Dalam peradaban fisik, gaya visual selalu menjadi fenomena yang menarik untuk diamati, hal itu disebabkan oleh factor dinamika dan ekspresi terluar sebuah objek yang mudah dicerna indera mata. Salah satu bentuk gaya visual yang dianggap mendunia adalah modernisme dan modernisme selalu tak bisa dipisahkan dari pengaruh budaya barat.
B.     Desain sebagai Wujud Budaya Visual
Sosok atau wujud desain dianggap sebagai representasi kompleks dari sub-sub social budaya yang mengiringi proses penciptaannya, termasuk di dalamnya antara lain pola piker, ideologi politik, kebijakan pemerintah, system pendidikan visual, wacana estetik yang berkembang, hingga orientasi masyarakat terhadap pandangan dunia.
Hal yang terpenting pada Wujud Budaya Visual adalah:
1.      Mendudukan pergeseran gaya visual dan nilai estetik dalam karya desain sebagai bagian dari proses transformasi budaya nasional secara keseluruhan
2.      Menempatkan desain dalam wacana budaya visual Indonesia secara proporsional
3.      Mengamati peran gaya visual pada karya desain yang telah memperkaya peradaban bangsa diamati sebagai fenomena pemberdayaan masyarakat Indonesia yang bermakna.

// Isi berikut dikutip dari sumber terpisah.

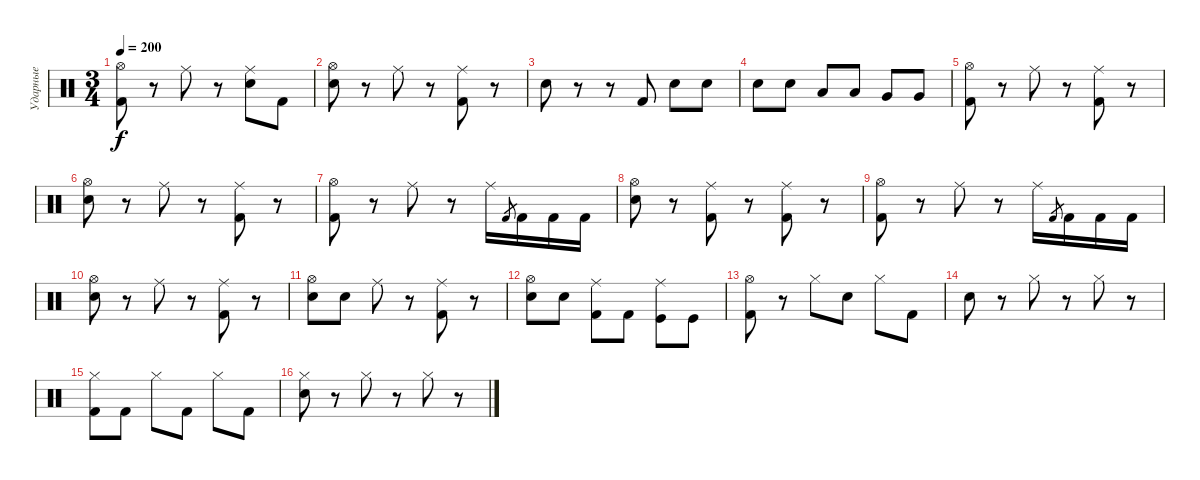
\track ("Ударные" "Ударные") {instrument percussion}
\staff {score}
\articulation defaults
\ts (3 4)
\tempo 200
\clef neutral
\ks c
("Hi-Hat (open)" "Kick (hit) 2").8{dy f} r.8 "Ride (middle)".8 r.8 ("Ride (middle)" "Electric Snare (hit)").8 "Kick (hit) 2".8 |
("Hi-Hat (open)" "Electric Snare (hit)").8 r.8 "Ride (middle)".8 r.8 ("Ride (middle)" "Kick (hit) 2").8 r.8 |
"Electric Snare (hit)".8 r.8 r.8 "Kick (hit) 2".8 "Electric Snare (hit)".8 "Electric Snare (hit)".8 |
"Electric Snare (hit)".8 "Electric Snare (hit)".8 "Low Tom (hit)".8 "Low Tom (hit)".8 "Very Low Tom (hit)".8 "Very Low Tom (hit)".8 |
("Hi-Hat (open)" "Kick (hit) 2").8 r.8 "Ride (middle)".8 r.8 ("Ride (middle)" "Kick (hit) 2").8 r.8 |
("Hi-Hat (open)" "Electric Snare (hit)").8 r.8 "Ride (middle)".8 r.8 ("Ride (middle)" "Kick (hit) 2").8 r.8 |
("Hi-Hat (open)" "Kick (hit) 2").8 r.8 "Ride (middle)".8 r.8 "Ride (middle)".16 "Kick (hit) 2".8{gr} "Kick (hit) 2".16 "Kick (hit) 2".16 "Kick (hit) 2".16 |
("Hi-Hat (open)" "Electric Snare (hit)").8 r.8 ("Ride (middle)" "Kick (hit) 2").8 r.8 ("Ride (middle)" "Kick (hit) 2").8 r.8 |
("Hi-Hat (open)" "Kick (hit) 2").8 r.8 "Ride (middle)".8 r.8 "Ride (middle)".16 "Kick (hit) 2".8{gr} "Kick (hit) 2".16 "Kick (hit) 2".16 "Kick (hit) 2".16 |
("Hi-Hat (open)" "Electric Snare (hit)").8 r.8 "Ride (middle)".8 r.8 ("Ride (middle)" "Kick (hit) 2").8 r.8 |
("Hi-Hat (open)" "Electric Snare (hit)").8 "Electric Snare (hit)".8 "Ride (middle)".8 r.8 ("Ride (middle)" "Kick (hit) 2").8 r.8 |
("Hi-Hat (open)" "Electric Snare (hit)").8 "Electric Snare (hit)".8 ("Ride (middle)" "Kick (hit) 2").8 "Kick (hit) 2".8 ("Ride (middle)" "Kick (hit)").8 "Kick (hit)".8 |
("Hi-Hat (open)" "Kick (hit) 2").8 r.8 "Hi-Hat (closed)".8 "Electric Snare (hit)".8 "Hi-Hat (closed)".8 "Kick (hit) 2".8 |
"Electric Snare (hit)".8 r.8 "Hi-Hat (closed)".8 r.8 "Hi-Hat (closed)".8 r.8 |
("Hi-Hat (closed)" "Kick (hit) 2").8 "Kick (hit) 2".8 "Hi-Hat (closed)".8 "Kick (hit) 2".8 "Hi-Hat (closed)".8 "Kick (hit) 2".8 |
("Electric Snare (hit)" "Hi-Hat (closed)").8 r.8 "Hi-Hat (closed)".8 r.8 "Hi-Hat (closed)".8 r.8

Dan dalam konteks budaya visual, istilah desain dapat dipahami sebagai suatu aktivitas dan karya budaya yang teraga dan memiliki makna bagi perkembangan peradaban masyarakatnya. Dengan demikian, desain melingkupi semua hal yang berkaitan dengan budaya benda, nilai-nilai dan substansi filosofis yang melatar belakanginya.
C.     Permasalahan yang Dihadapi Indonesia
Permasalahan nasional ynag dihadapi bangsa Indonesia ke depan dalam spectrum kebudayaan yang luas sesungguhnya ditentukan oleh mentalitas dan sikap manusia bangsa Indonesia sendiri, beberapa di antaranya dapat diuraikan sebagai berikut:
1.      Hilangnya Nasionalisme
Berbagai pengaruh dari budaya luar membuat masyarakat Indonesia lebih tertarik pada bangsa luar dalam hal budaya maupun tatanan kehidupannya. Hal tersebut dapat mengikis sendi-sendi Nasionalisme masyarakat dan mengancam hilangnya rasa Nasionalisme itu sendiri.
2.      Hilangnya Jatidiri Bangsa
Dengan berbagai kemudahan teknologi dan informasi masyarakat menjadi lupa akan menjaga jatidiri bangsa mereka sendiri. Perubahan ketertarikan itu dapat mengakibatkan hilangnya jatidiri bangsa.
3.      Hegemoni Budaya Kuat
Kekuatan yang disebut sebagai hegemoni memiliki pengaruh yang besar dan kuat. Dalam kebudayaan, hegemoni tersebut dapat merubah tatanan budaya setempat dan mempengaruhi dan bisa sampai mengubah kebudayaan yang dipengaruhi oleh hegemoni budaya tersebut.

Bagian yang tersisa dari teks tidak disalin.